**Data**

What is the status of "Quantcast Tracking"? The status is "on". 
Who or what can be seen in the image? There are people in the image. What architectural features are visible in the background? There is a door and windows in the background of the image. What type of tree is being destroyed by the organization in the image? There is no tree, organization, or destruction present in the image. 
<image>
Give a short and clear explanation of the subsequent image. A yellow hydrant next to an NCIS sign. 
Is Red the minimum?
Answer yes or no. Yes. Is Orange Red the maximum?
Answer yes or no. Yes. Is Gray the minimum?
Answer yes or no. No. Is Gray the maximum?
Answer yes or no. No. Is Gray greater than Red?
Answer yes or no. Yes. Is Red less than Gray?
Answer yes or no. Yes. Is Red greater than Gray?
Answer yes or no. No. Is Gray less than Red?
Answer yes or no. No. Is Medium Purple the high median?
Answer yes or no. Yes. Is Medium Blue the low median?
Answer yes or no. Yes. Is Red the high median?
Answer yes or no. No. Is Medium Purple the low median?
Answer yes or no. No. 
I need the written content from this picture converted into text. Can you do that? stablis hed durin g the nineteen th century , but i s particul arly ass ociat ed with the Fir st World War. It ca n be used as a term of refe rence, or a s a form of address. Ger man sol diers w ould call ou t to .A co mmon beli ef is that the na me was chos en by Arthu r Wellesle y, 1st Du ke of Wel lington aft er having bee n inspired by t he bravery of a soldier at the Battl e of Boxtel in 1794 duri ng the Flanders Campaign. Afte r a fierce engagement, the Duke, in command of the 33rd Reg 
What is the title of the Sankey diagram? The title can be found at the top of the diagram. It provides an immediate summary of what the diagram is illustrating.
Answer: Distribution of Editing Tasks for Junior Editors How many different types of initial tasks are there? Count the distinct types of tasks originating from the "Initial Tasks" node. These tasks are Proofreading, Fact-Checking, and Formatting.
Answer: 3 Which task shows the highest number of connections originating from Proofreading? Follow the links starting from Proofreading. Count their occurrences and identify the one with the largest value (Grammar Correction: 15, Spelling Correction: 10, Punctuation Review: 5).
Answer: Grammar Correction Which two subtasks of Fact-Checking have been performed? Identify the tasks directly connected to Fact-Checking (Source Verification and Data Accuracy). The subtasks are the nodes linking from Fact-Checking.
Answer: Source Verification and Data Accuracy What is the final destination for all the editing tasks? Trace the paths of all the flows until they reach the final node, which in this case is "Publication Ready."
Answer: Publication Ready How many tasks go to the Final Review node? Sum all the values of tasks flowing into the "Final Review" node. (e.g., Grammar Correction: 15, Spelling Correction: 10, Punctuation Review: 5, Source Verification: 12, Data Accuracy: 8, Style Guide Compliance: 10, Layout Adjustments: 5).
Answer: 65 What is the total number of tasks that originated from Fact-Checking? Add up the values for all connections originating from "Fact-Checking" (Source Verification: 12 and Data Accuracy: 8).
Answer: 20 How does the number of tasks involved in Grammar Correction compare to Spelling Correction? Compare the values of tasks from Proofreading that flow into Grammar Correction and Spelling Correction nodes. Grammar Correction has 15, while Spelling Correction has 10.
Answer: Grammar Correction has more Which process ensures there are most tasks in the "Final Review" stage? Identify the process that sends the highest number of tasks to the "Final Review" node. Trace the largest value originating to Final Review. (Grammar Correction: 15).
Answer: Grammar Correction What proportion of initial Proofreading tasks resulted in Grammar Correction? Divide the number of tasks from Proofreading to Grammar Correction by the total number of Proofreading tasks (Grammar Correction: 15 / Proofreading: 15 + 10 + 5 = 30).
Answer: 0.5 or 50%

**Work to complete**
For each line above that includes "What", copy the line.

**Solution to the exercise**
What is the status of "Quantcast Tracking"? The status is "on". 
Who or what can be seen in the image? There are people in the image. What architectural features are visible in the background? There is a door and windows in the background of the image. What type of tree is being destroyed by the organization in the image? There is no tree, organization, or destruction present in the image. 
What is the title of the Sankey diagram? The title can be found at the top of the diagram. It provides an immediate summary of what the diagram is illustrating.
Answer: Source Verification and Data Accuracy What is the final destination for all the editing tasks? Trace the paths of all the flows until they reach the final node, which in this case is "Publication Ready."
Answer: 65 What is the total number of tasks that originated from Fact-Checking? Add up the values for all connections originating from "Fact-Checking" (Source Verification: 12 and Data Accuracy: 8).
Answer: Grammar Correction What proportion of initial Proofreading tasks resulted in Grammar Correction? Divide the number of tasks from Proofreading to Grammar Correction by the total number of Proofreading tasks (Grammar Correction: 15 / Proofreading: 15 + 10 + 5 = 30).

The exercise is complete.